Sunday, March 08, 2009

Movie Review: Watchmen

"George, you can write this shit, but you can't say it." - Harrison Ford to George Lucas

The quote above pretty much embodies a lot of my feelings towards the movie adaptation of Alan Moore & Dave Gibbon's graphic novel Watchmen. I absolutely love the book,but when comic book dialogue is taken off of the page and put on screen, coming out of the mouths of real people, it just sounds stupid.

But let's back track. I did think the movie as a whole was pretty good, Zack Snyder took what I thought to be an un-filmable book and managed to tame it into a pretty brisk 2 hour 45 minute movie. Some of the performances were excellent, some (one in particular) were not so good. So we'll start with the good. The movie really begins excellently right off with a credits sequence set to Bob Dylan's "The Times, They Are A-Changin'" illustrating the "golden age" of the movie's world to the present with key scenes, including the formation of the Minutemen, the assassination of JFK, and the sad end of the Silhouette. It really sucks you into the world that Moore & Gibbons created and serves as a great Cliff's Notes to the new viewer to understand what 1985 of the Watchmen's world is like. From there we get the first two issues of the series pretty much word-for-word, and done well. Jackie Earl Haley is very good as Rorschach , managing to pull off his voice very well and give his journal readings some heft. Though Jeffrey Dean Morgan gives it a good try, The Comedian's dialogue is the most ridiculous, when not given a brush-up for the screen. This is most obvious during his scene with the Nite Owl while quelling the pre-Keene Act riots. I love how it reads off the page, but when it comes out of his mouth, it just doesn't work. It's in this instance that the filmmakers' slavish devotion to the source material hamstrings them. I'm sure they could have pulled this off much better if they'd rewritten some of it.

The movie proceeds pretty much along the lines of the book, excising some characters (the News Vendor, the boy reading the comic book) and combining some scenes (the psychiatrist now has just one scene with Rorschach). The biggest change is the tweak to the ending, which really didn't bother me, though the idea that Dan & Laurie continued on as superheroes after the end did, as it kind of misses the point. I always thought was one of the ideas of the book was that dressing up in these idiotic costumes was damaging to the individual, for them to continue to be costumed adventurers, to me, shows that they haven't changed despite the events of the story.

Easily the worst part of the film was Malin Ackerman's (Laurie Jupiter/Silk Spectre II) acting. It was as if she was reading cue-cards just out of scene. When I read Michael Phillip's review for the Chicago Tribune and he referred to her as "possibly the worst actress in Hollywood at the moment", I thought he was just being an asshole (because the rest of his review is pretty asshole-ish too), but I do have to agree, she's really bad, distractingly so.
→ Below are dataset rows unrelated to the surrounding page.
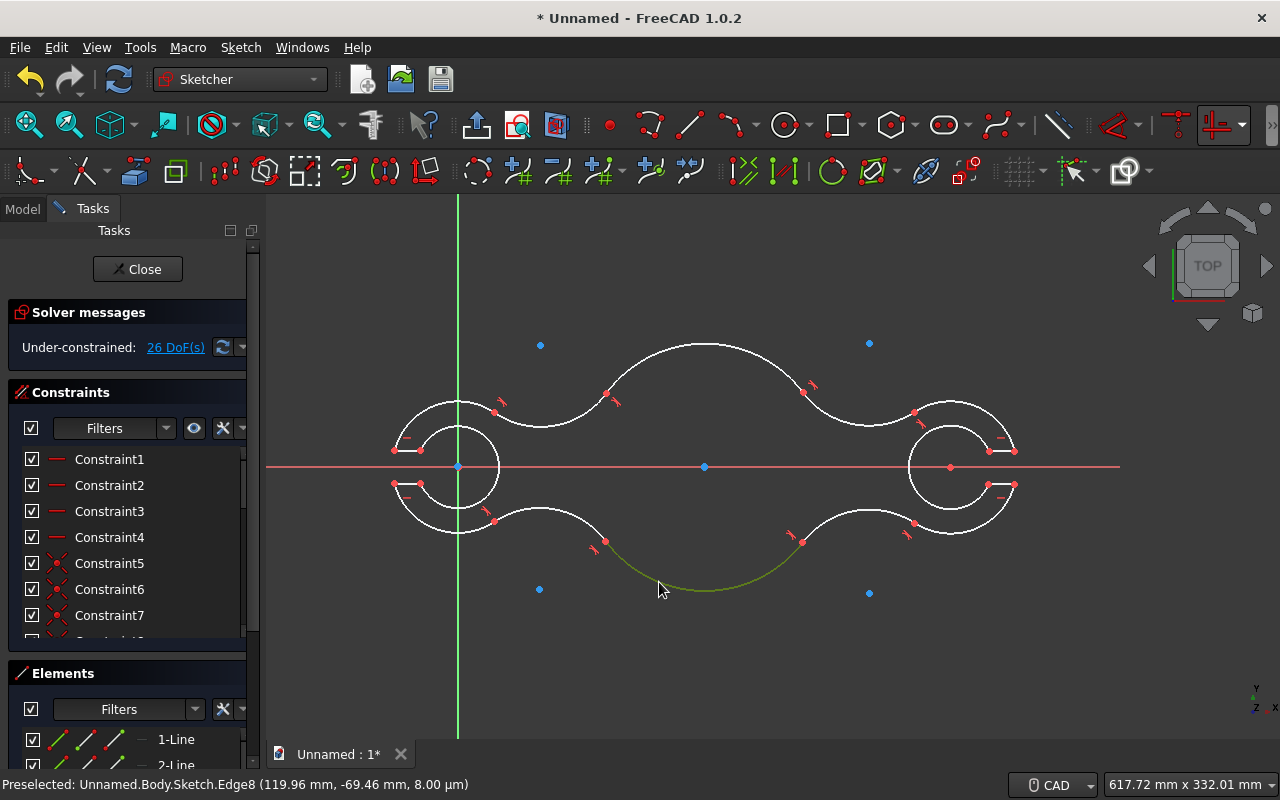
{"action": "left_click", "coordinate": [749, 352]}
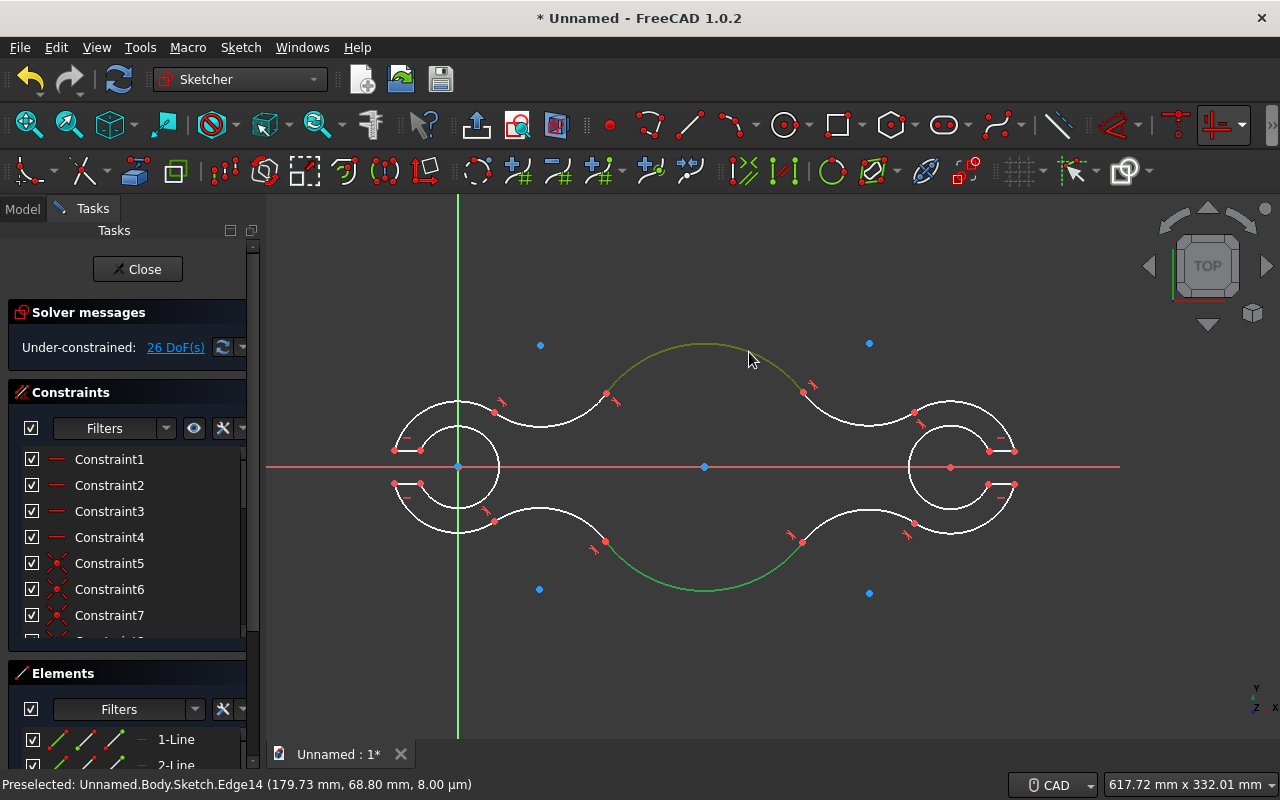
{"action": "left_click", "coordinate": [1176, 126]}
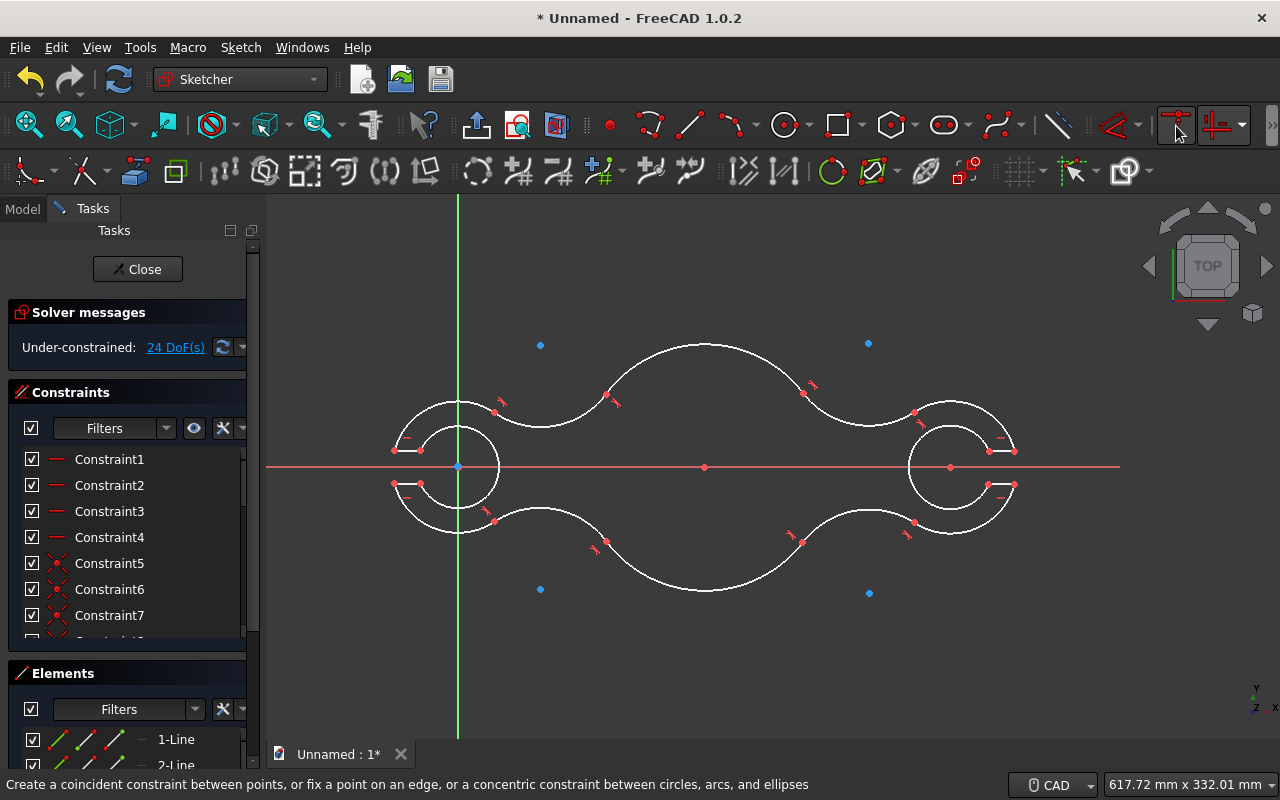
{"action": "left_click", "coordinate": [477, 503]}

Other issues were Zack Snyders' use of his fast-slooooowww-fast style of action scenes, a style that was old before 300 was over. It's odd, because that's the only way he asserts any directorial style into the picture, other than that it's purely what's on the page, put up on the screen. I would much rather have seen a different director put his own stamp on the material ad take chances with it. While Watchmen is not as bad as 300 or Sin City in my mind, both of those movies to me were so slavishly devoted to their source-material that they ceased to be anything more to me than technical exercises in taking pictured from the page and adapting them exactly for the screen; the equivalent of taking a photo of a girl and photoshopping it so that it looks exactly like the Mona Lisa, that's not art, just good photoshopping.

Anyway, I may sound like I'm coming down on the movie, but I did enjoy myself and may even see it another time (I'll certainly see it on video). At no point was I looking at my watch thinking, "get on with it!" I do wish that I could have come into this movie cold, without the weight of having known this story so well for the past 20 years, I think that's why Roger Ebert's review is so laudatory, he had not read the book, so all of this was new to him, as this was just a re-telling of one of my favorites. Overall, they took a great book and made a pretty good movie out of it.